OGH: Pflichtverletzung iSd § 82 lit f GewO / § 27 Z 4 AngG (hier: Arbeitsunterlassung während Krankenstand)
Das Fernbleiben vom Dienst ist gerechtfertigt, wenn der Dienstnehmer tatsächlich krank und arbeitsunfähig ist; daneben kann eine Pflichtverletzung vorliegen, wenn der Arbeitnehmer zwar krankgeschrieben ist, aber nicht auf die Richtigkeit der Feststellung der Arbeitsunfähigkeit vertrauen darf; dies wäre etwa der Fall, wenn der Arbeitnehmer die ärztliche Bestätigung durch bewusst unrichtige Angaben gegenüber dem Arzt erwirkt hätte; die Pflichtverletzung muss, um eine darauf gestützte Entlassung zu rechtfertigen, schuldhaft erfolgen
§ 82 GewO, § 27 AngG
GZ 9 ObA 6/13t, 29.01.2013
OGH: Ob die Voraussetzungen für eine gerechtfertigte Entlassung vorliegen, kann immer nur aufgrund der Umstände des Einzelfalls beurteilt werden. Die Entscheidung des Berufungsgerichts lässt auch keine unvertretbare und deshalb korrekturbedürftige Fehlbeurteilung erkennen:
Nach den Feststellungen begab sich der Kläger am 23. 5. 2011 wegen akuter Schmerzen in Behandlung, wurde krankgeschrieben und erhielt die Information, dass er das Knie bis zu der für den 7. 7. 2011 geplanten Meniskusoperation schonen müsse, jedoch grundsätzlich bis zur Schmerzgrenze belasten dürfe. Eine Belastung des Knies vor der Operation verzögert nicht den Heilungsverlauf, dem Patienten entstehen dadurch aber Schmerzen. Am 11. 6. 2011 trug der Kläger etwa 15 Minuten Styrodurplatten von seinem Auto ins Haus, wodurch die Heilung des Knies nicht beeinflusst wurde.
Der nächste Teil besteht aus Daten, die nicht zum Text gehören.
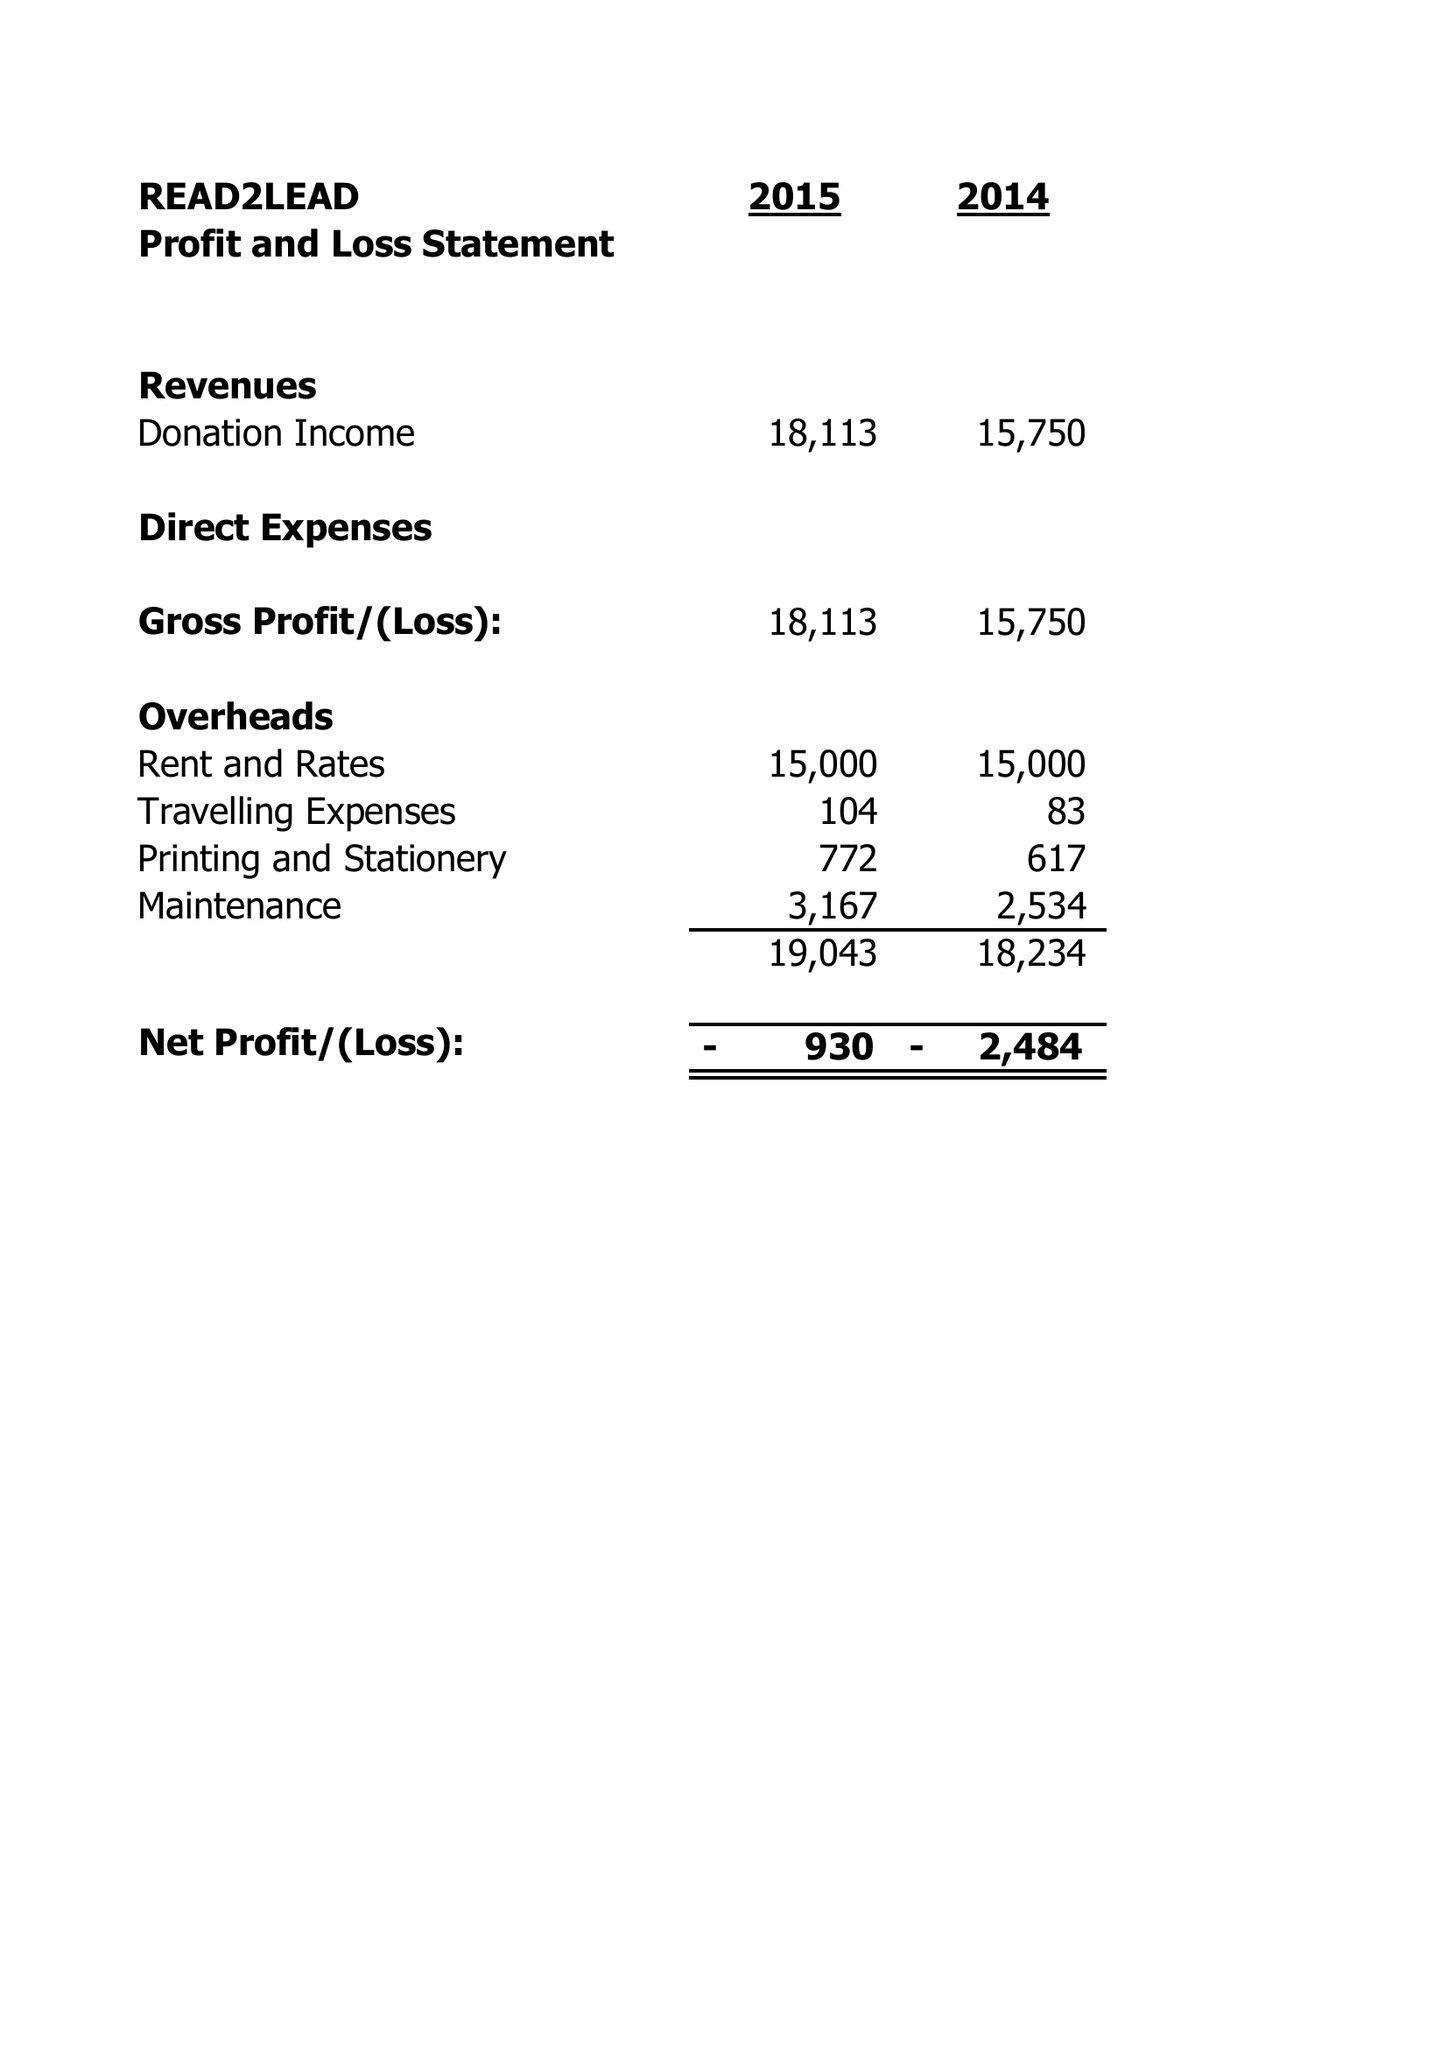What is the value for the address__post_town?
Answer the question using a single word or phrase. BIRMINGHAM 
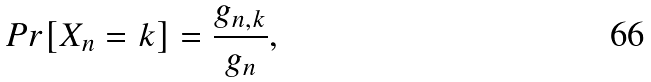<formula> <loc_0><loc_0><loc_500><loc_500>P r [ X _ { n } = k ] = \frac { g _ { n , k } } { g _ { n } } ,</formula> 
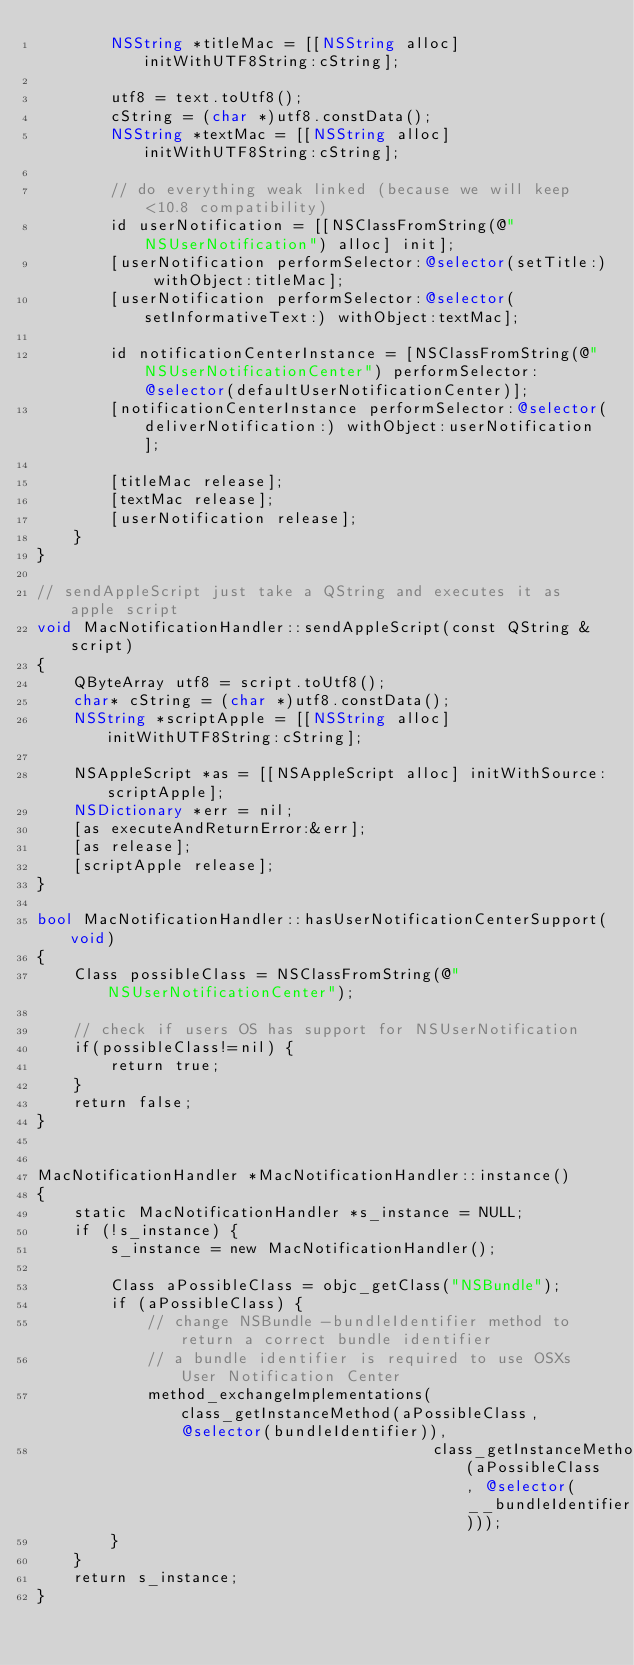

Die Beklagte ist der Ansicht, das Berufungsgericht hätte zu Unrecht nicht ihr Vorbringen und die darauf gestützten Verfahrens- und Feststellungsmängel berücksichtigt, dass einer ihrer Mitarbeiter den Kläger am 3. 6. 2011 trotz Krankenstand gebeten habe, bei einer Arbeit (EDV-Verkabelung) zu helfen, die jedenfalls keinerlei Auswirkungen auf Fuß- oder Rückenschmerzen gehabt hätte. Der Kläger habe dies abgelehnt. Damit zielt die Beklagte offenbar auf die Geltendmachung einer Pflichtverletzung durch den Kläger iSd § 82 lit f GewO ab.
Das Fernbleiben vom Dienst ist gerechtfertigt, wenn der Dienstnehmer tatsächlich krank und arbeitsunfähig ist. Daneben kann eine Pflichtverletzung vorliegen, wenn der Arbeitnehmer zwar krankgeschrieben ist, aber nicht auf die Richtigkeit der Feststellung der Arbeitsunfähigkeit vertrauen darf; dies wäre etwa der Fall, wenn der Arbeitnehmer die ärztliche Bestätigung durch bewusst unrichtige Angaben gegenüber dem Arzt erwirkt hätte. Die Pflichtverletzung muss, um eine darauf gestützte Entlassung zu rechtfertigen, schuldhaft erfolgen. Als Schuldform reicht Fahrlässigkeit aus, doch muss dem Arbeitnehmer bei Anwendung pflichtgemäßer Sorgfalt die Pflichtwidrigkeit seines Verhaltens erkennbar sein. Lehnt ein Arbeitnehmer eine ihm aufgetragene Arbeit in der irrigen Meinung ab, er sei zu ihrer Durchführung nicht verpflichtet, obliegt ihm der Nachweis, dass er sich über seine Verpflichtung trotz Anwendung der pflichtgemäßen Sorgfalt in einem Irrtum befunden habe.
Selbst wenn der Kläger objektiv in der Lage gewesen wäre, die ihm von der Beklagten Anfang Juni aufgetragenen Arbeiten zu verrichten, gehen aus dem festgestellten Sachverhalt keine Umstände hervor, die auf ein entsprechendes Verschulden des Klägers schließen ließen.
Zu der von der Beklagten begehrten Ersatzfeststellung, dass die Kabelverlegungsarbeiten vom Kläger lediglich eine Tätigkeit im Gehen, Stehen bzw Sitzen erfordert hätten, sei im Übrigen nur darauf hingewiesen, dass nach Aussage des Arztes beim Sitzen gerade auch der beim Kläger verletzte hintere Teil des Meniskus belastet worden wäre und ein Patient vor der Operation auch im Stehen nicht arbeitsfähig ist.